Oscar and the girl stood looking vacantly at each other for a moment, and then he turned away and walked up the street with a new sensation--the blank, desolating sensation of not having a roof over his head. No one knows what it means to be one night homeless in a great city except those who have gone through it. It is not so much the poverty of privation that is hard to bear as the sense of utter worthlessness, of being less to the world than its dogs, for they are cared for, or its horses for they are housed.
His money was gone, and he had no luggage in his hands to make shift to find another lodging with, so he walked on and on, up Lower Regent Street and across Piccadilly, through noisy throngs of people--young women smoking cigarettes, young men laughing and singing and a bedraggled girl being lugged along by a policeman--on and on until he came to a wide and quiet thoroughfare where a line of broughams waited outside a house that was brilliantly lighted up, and there he paused in his aimless perambulation to listen to the music that was coming through the open windows.
He had been asking himself for the hundredth time how it had come to pass that he, so lately the pampered son of his father--who was the Governor of his people and their upright judge--was tramping the streets of London without a penny in his pocket or a roof to cover him, when the door opened and an elderly gentleman came out bare-headed to escort some ladies to their carriage. Then his stunned faculties awoke and he saw where he was standing. He was outside the house of his father's friend, the banker. The deep remembrance came back to him of the time, so near yet so far away, when he himself, with Thora and Helga, had been honored guests in that house, and lest the banker should see him, the wayfarer he then was, skulking there at that untimely hour, he turned about and walked quickly away.
Nothing that had happened on that evil night had wounded his feelings so acutely, or made him feel so surely that rescue from his accursed condition there could be none. Was it to be a part of his punishment that even when his senses slept he was to be constantly brought up against himself and reminded of the days that were dead? If so, life would be unendurable, and existence an everlasting hell. Did Nature never forget? Did God never forgive?
Half an hour afterward he was walking along the Embankment, past the crouching and sleeping forms of the sordid things whom the city casts out on to the river's bank by night; and looking wildly at the waters of the Thames, glistening and glimmering under the electric light, he asked himself why he should not end it all and have done with further torture.
What was the thought that restrained him? Was it the thought of his dead wife whose memory was to be a safeguard against sin and a perpetual inspiration? No!

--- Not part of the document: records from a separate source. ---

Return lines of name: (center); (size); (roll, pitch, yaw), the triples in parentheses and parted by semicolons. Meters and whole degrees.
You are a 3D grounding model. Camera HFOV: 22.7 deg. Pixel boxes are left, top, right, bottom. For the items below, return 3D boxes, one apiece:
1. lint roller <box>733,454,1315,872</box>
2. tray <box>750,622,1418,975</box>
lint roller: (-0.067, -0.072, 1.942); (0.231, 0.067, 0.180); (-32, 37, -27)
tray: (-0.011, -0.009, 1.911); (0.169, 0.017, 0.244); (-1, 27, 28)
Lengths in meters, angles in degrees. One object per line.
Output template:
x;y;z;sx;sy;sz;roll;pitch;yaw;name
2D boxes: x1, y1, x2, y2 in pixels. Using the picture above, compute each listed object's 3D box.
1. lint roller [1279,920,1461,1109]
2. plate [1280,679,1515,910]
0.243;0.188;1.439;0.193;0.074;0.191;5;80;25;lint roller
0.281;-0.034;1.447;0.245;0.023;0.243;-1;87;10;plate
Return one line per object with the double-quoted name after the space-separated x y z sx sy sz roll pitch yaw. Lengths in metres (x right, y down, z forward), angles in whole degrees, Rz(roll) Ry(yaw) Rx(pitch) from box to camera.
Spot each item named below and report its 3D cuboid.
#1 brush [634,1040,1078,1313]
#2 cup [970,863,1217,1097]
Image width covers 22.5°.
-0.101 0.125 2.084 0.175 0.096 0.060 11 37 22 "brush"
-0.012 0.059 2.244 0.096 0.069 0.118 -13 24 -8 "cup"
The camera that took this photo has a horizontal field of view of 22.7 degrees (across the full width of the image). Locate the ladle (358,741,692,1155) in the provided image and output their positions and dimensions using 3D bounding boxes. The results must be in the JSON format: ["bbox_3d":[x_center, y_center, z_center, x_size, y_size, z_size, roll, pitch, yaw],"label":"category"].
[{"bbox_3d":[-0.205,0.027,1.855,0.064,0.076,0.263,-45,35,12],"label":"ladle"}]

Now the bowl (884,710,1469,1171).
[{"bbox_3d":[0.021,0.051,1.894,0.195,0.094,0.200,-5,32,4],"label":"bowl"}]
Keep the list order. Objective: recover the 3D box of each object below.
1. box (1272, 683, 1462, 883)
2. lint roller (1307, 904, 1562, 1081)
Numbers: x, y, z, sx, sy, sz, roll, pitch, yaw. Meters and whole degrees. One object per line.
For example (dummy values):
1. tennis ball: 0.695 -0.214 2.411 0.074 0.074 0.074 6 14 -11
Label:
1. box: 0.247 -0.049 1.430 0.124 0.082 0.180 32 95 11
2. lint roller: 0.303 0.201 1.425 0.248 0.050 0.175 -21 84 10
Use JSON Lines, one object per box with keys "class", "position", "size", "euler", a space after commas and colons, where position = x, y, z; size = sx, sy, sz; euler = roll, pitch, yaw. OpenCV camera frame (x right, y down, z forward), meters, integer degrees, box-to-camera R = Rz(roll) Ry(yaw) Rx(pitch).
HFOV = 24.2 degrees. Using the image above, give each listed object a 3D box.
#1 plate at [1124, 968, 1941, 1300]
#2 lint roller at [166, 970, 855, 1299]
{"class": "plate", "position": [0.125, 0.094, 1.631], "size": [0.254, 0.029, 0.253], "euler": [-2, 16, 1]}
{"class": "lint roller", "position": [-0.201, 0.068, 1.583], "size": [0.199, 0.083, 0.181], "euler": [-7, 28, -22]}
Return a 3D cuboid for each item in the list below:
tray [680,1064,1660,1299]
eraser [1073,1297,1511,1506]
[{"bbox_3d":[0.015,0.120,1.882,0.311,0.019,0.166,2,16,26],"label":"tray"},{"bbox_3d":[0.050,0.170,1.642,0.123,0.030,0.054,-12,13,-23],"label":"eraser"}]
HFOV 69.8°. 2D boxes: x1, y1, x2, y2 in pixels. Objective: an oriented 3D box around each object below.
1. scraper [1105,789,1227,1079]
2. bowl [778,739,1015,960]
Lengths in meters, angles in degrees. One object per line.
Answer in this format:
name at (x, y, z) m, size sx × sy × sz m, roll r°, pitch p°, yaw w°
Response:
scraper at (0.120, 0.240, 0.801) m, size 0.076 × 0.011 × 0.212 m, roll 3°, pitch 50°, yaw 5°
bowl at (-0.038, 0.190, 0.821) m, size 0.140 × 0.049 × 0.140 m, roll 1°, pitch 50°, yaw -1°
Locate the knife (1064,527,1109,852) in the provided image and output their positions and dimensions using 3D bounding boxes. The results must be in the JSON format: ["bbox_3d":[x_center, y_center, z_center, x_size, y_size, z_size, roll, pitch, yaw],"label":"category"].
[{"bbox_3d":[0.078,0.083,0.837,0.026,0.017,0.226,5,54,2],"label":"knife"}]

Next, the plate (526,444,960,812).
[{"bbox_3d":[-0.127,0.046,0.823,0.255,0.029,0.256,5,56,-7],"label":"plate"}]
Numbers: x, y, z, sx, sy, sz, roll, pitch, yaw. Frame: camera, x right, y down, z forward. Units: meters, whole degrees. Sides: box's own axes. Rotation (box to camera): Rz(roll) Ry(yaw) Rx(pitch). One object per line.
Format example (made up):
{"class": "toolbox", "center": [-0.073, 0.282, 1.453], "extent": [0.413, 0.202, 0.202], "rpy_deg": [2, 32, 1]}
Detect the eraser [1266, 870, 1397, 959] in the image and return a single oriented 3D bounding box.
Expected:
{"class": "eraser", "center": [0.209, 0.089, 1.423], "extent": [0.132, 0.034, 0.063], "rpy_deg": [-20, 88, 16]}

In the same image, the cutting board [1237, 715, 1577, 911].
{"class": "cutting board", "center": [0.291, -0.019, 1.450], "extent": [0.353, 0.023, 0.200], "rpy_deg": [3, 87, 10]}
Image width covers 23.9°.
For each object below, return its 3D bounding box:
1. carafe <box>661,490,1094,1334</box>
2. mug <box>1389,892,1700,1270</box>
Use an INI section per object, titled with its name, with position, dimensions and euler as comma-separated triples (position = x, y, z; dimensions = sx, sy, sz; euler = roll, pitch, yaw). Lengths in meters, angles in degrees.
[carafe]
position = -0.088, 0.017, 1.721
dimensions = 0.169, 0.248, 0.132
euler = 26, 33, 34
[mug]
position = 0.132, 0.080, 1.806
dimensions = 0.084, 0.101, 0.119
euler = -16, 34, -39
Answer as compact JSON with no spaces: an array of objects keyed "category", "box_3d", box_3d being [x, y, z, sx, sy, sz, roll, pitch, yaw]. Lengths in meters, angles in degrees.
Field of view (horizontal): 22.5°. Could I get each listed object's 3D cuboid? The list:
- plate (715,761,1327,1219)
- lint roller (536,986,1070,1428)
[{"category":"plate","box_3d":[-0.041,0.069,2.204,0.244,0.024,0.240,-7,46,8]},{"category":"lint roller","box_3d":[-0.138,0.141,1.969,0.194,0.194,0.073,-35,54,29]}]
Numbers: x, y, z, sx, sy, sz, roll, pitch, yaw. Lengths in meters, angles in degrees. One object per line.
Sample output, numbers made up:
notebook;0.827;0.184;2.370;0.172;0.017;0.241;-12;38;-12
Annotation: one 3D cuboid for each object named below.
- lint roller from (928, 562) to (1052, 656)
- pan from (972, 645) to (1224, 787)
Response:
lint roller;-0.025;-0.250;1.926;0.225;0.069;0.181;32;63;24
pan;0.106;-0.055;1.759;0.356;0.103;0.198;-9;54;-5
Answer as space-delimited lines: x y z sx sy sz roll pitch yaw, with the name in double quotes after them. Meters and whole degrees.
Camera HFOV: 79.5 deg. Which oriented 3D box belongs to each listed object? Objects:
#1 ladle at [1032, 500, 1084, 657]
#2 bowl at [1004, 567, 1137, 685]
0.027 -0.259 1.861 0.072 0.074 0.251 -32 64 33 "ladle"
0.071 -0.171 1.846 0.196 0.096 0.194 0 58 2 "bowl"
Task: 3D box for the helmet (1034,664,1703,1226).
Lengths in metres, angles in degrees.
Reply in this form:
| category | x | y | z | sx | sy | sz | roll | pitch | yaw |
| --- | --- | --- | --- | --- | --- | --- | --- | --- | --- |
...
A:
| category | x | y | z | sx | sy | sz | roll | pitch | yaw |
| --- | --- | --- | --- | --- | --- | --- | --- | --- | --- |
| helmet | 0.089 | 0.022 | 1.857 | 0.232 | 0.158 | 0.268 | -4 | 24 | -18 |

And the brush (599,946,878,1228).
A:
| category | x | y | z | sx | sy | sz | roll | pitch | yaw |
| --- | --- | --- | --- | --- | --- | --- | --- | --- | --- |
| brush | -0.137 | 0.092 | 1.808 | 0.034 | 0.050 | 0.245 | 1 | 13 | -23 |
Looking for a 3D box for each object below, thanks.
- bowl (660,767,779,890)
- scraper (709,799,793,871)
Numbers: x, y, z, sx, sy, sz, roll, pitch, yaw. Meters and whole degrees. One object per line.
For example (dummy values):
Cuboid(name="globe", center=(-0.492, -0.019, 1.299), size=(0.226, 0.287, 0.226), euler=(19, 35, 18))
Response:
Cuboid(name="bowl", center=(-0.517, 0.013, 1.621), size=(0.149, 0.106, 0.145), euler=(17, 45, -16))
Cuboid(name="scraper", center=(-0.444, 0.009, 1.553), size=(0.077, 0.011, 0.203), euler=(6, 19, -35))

By the inscrutable will of fate it was the thought of the one being whose love had wrecked him--it was the thought of Helga. In spite of the pledge he had given to the Governor, he could not help thinking of her. No day had been so dark but he had thought of her on going to bed at night and on awakening in the morning. She was gone, they might never meet again, their love was a page of his life which he had crossed out and turned down for ever, yet her eyes were in his eyes and her smile was the only sunshine that shone upon his face.
The thought of Thora was a sweet and sacred thing which he had wrapped up and laid by in the lavender of memory, but the thought of Helga was warm and alive and always with him. It was with him now, and it saved his soul from despair and his body from death.
III
Before Oscar's letter reached Iceland many changes had taken place there. The estrangement of the Governor and the Factor had developed into open antagonism. Everybody knew of it and the enemies of each had been playing upon his hatred of the other.